WHAT IS NEEDED :: Among the lines below, how many have the string "agent" in them? Only the number is wanted.

RECORDS SUPPLIED ::
————————

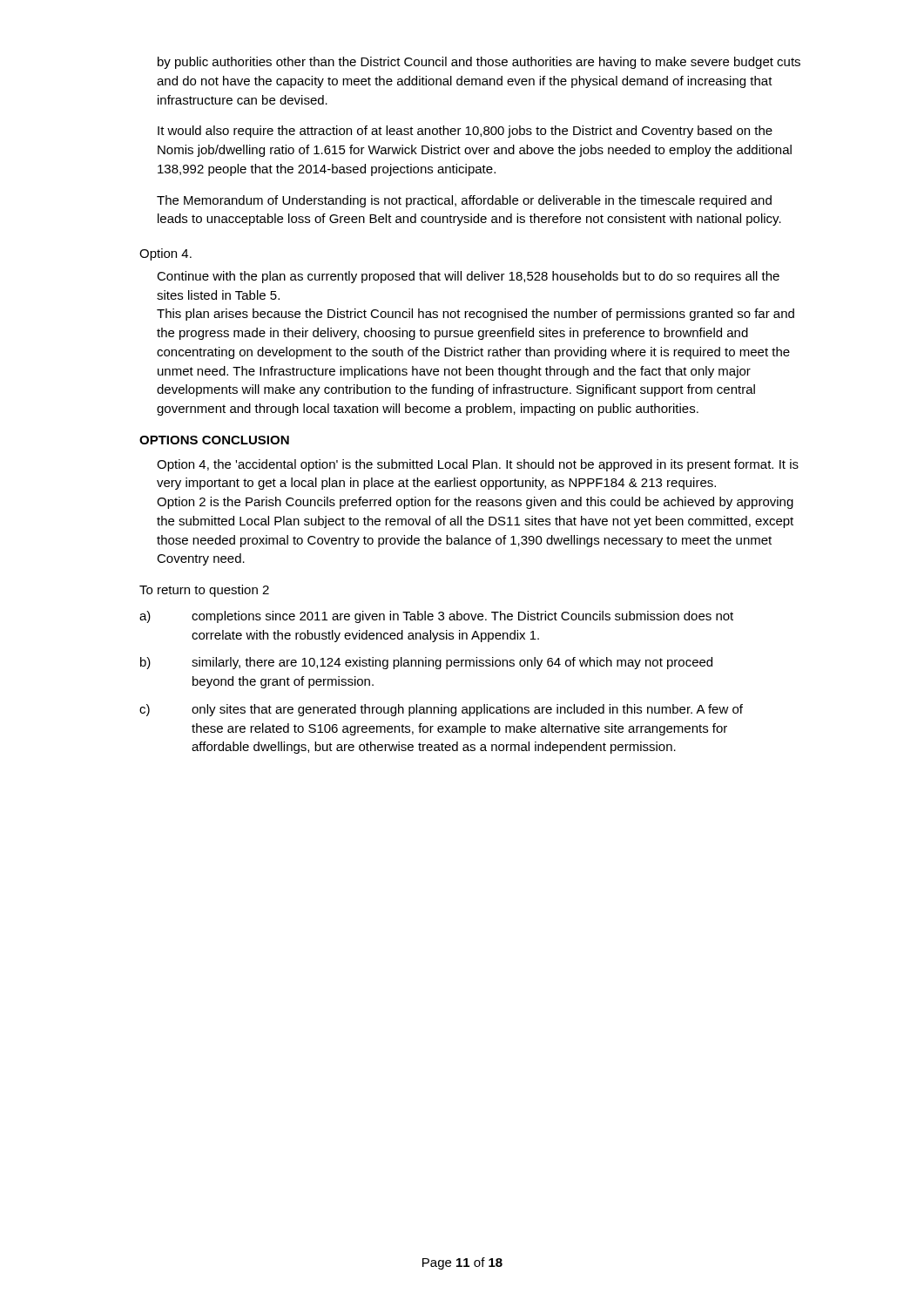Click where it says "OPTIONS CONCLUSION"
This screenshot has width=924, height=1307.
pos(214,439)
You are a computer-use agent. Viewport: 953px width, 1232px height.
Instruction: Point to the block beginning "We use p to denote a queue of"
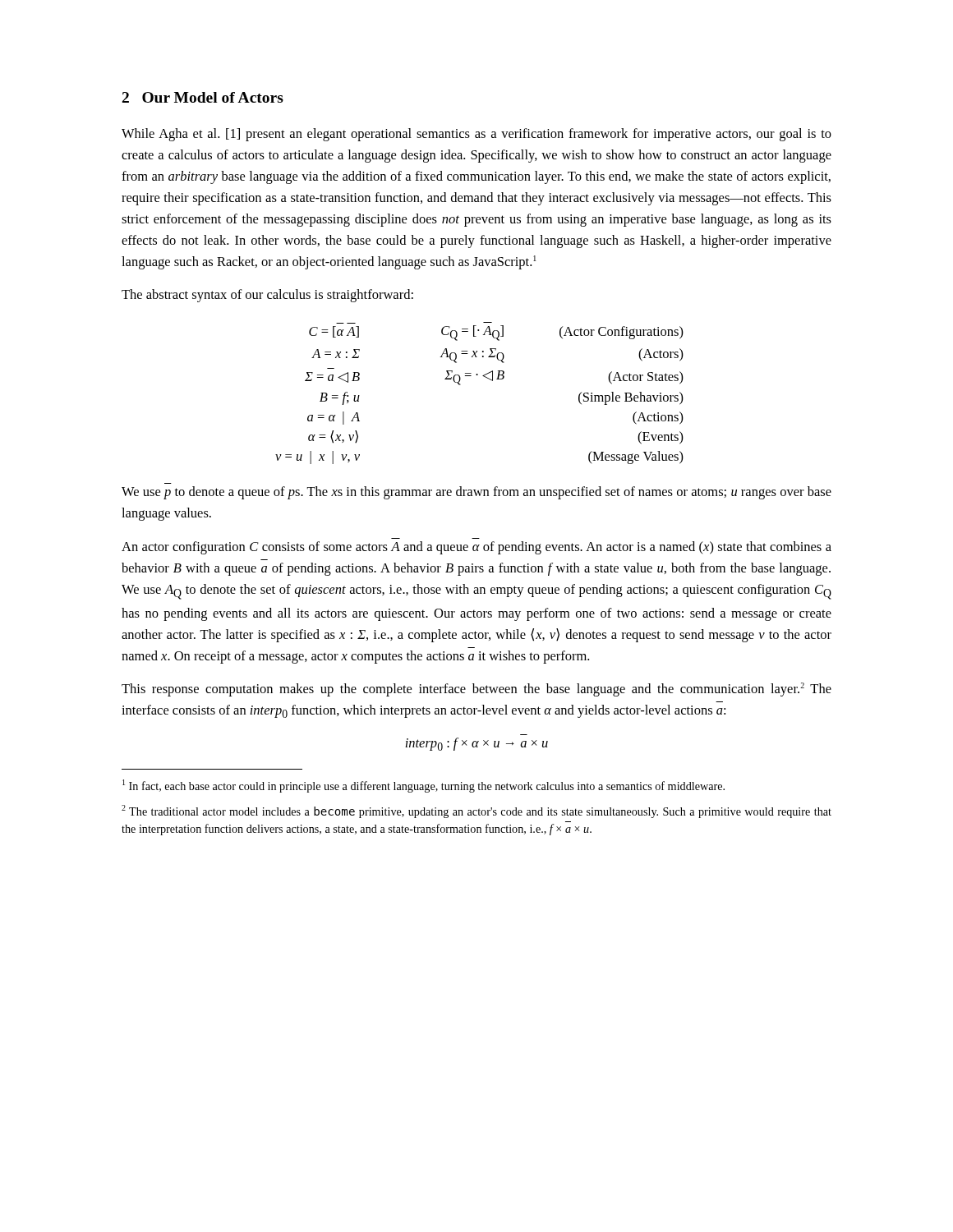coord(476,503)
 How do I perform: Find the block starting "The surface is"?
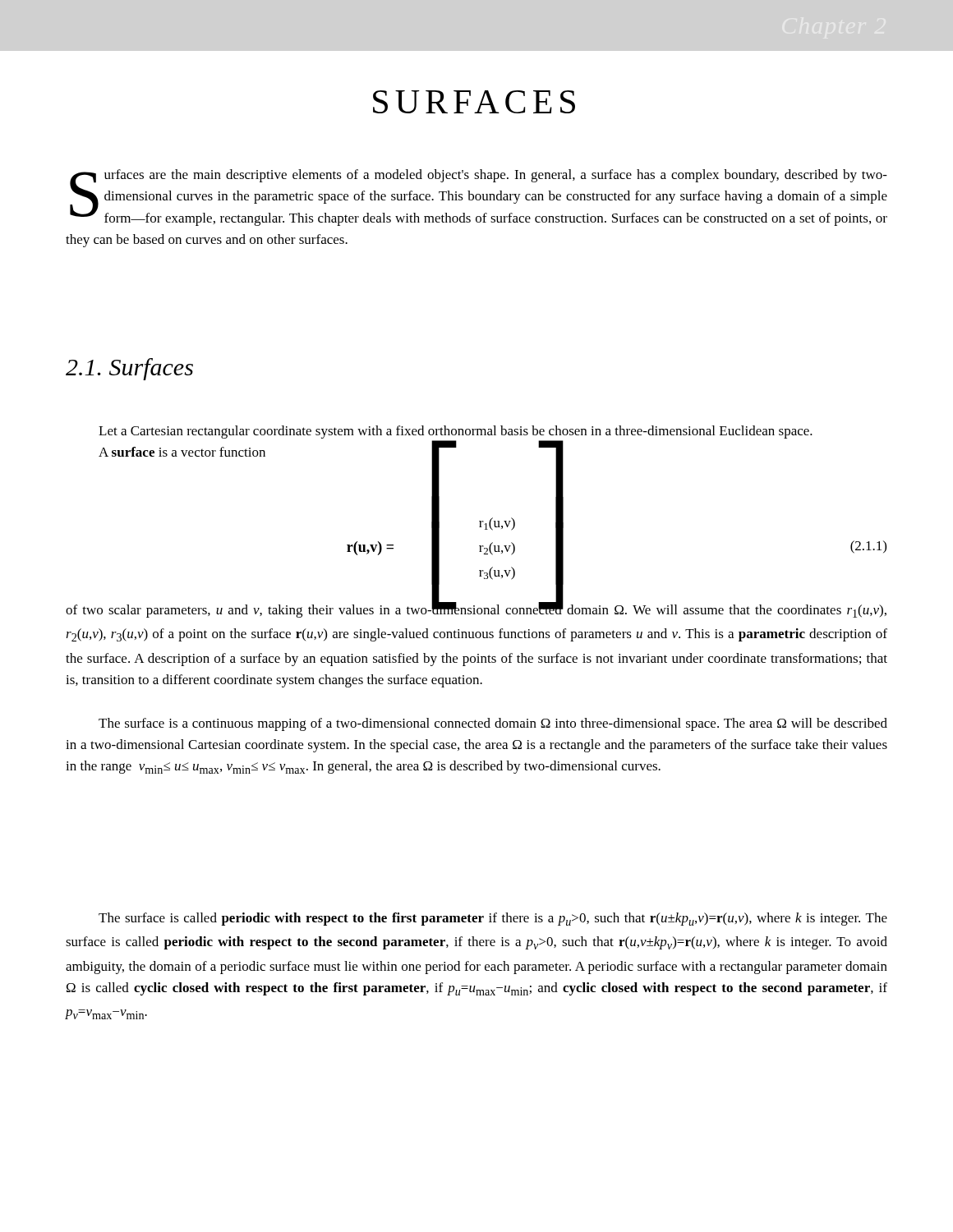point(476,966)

————————

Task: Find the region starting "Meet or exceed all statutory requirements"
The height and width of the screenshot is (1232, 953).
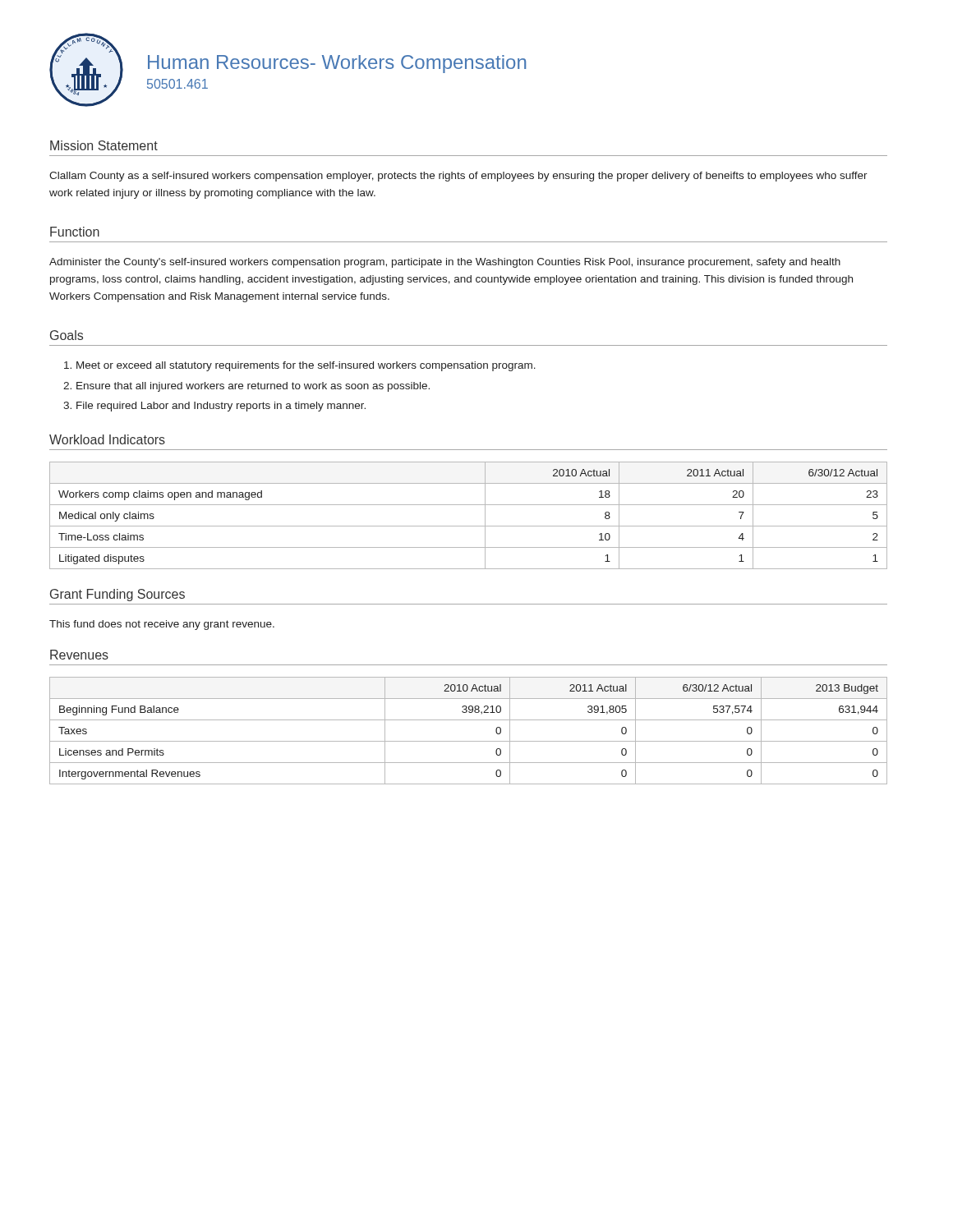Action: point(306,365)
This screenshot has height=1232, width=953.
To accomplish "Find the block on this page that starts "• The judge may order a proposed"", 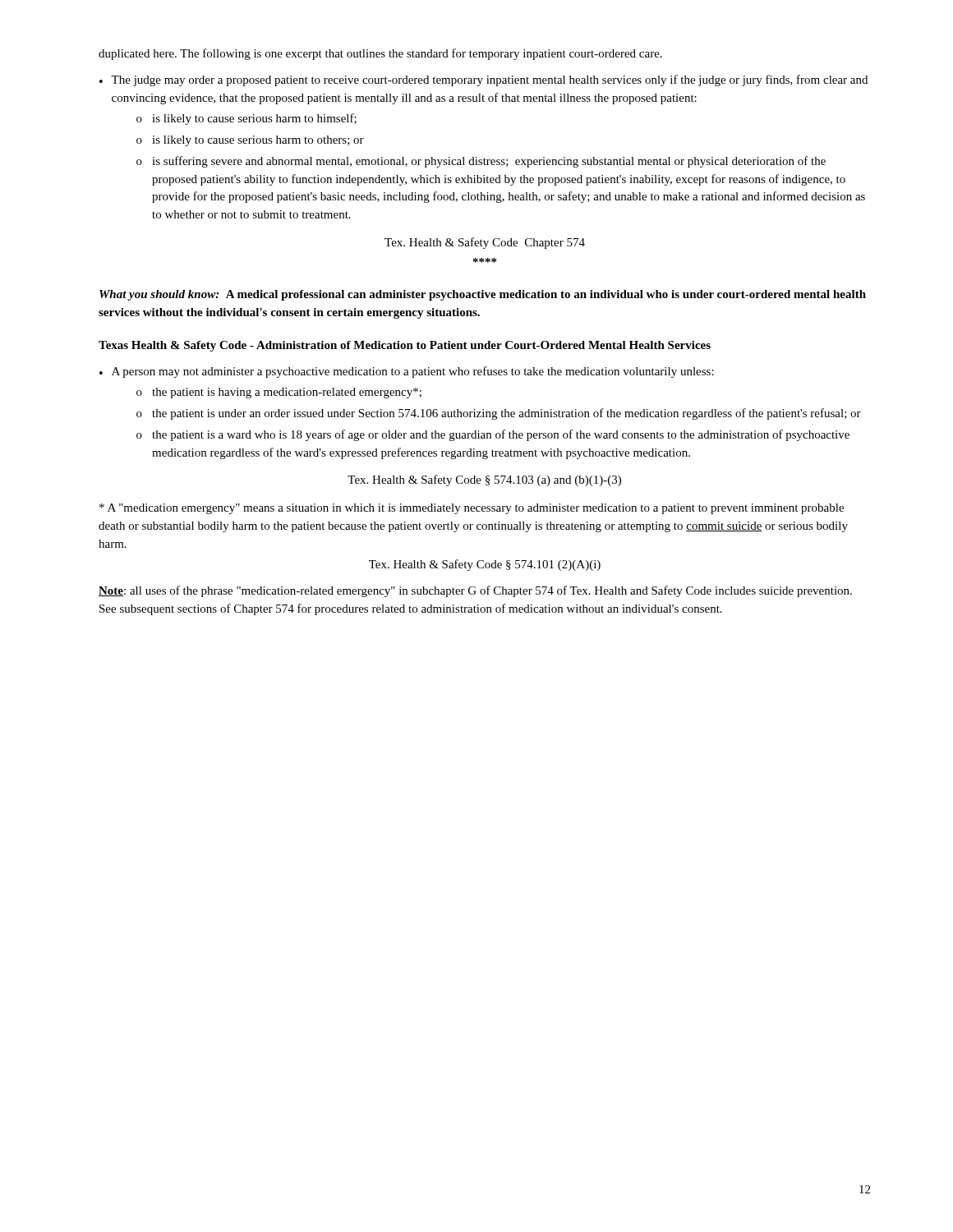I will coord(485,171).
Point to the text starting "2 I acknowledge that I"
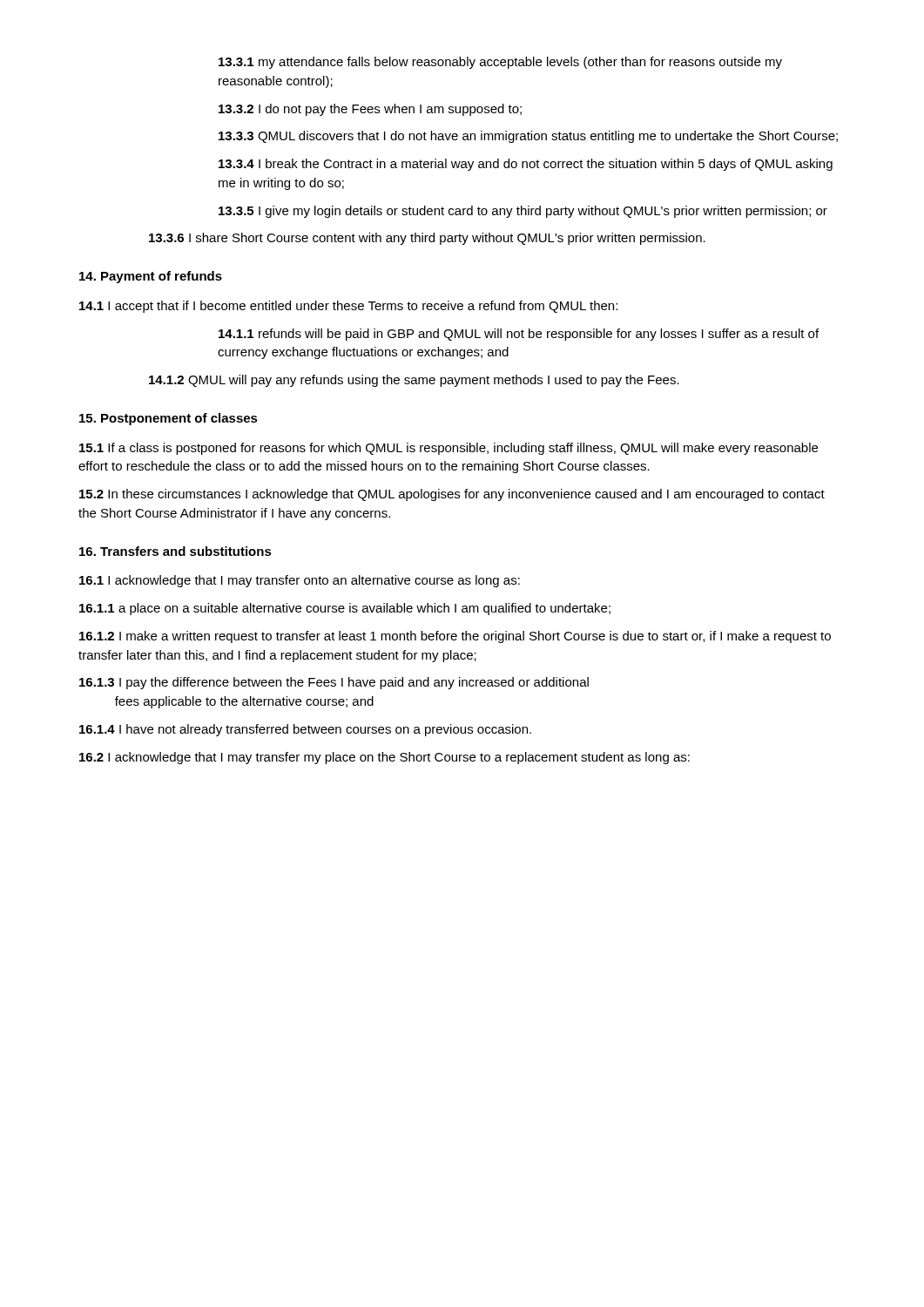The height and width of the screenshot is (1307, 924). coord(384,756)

————————

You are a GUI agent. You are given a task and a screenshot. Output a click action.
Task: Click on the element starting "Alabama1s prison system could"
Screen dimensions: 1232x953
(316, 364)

————————

WRITTEN SOLUTION :: 2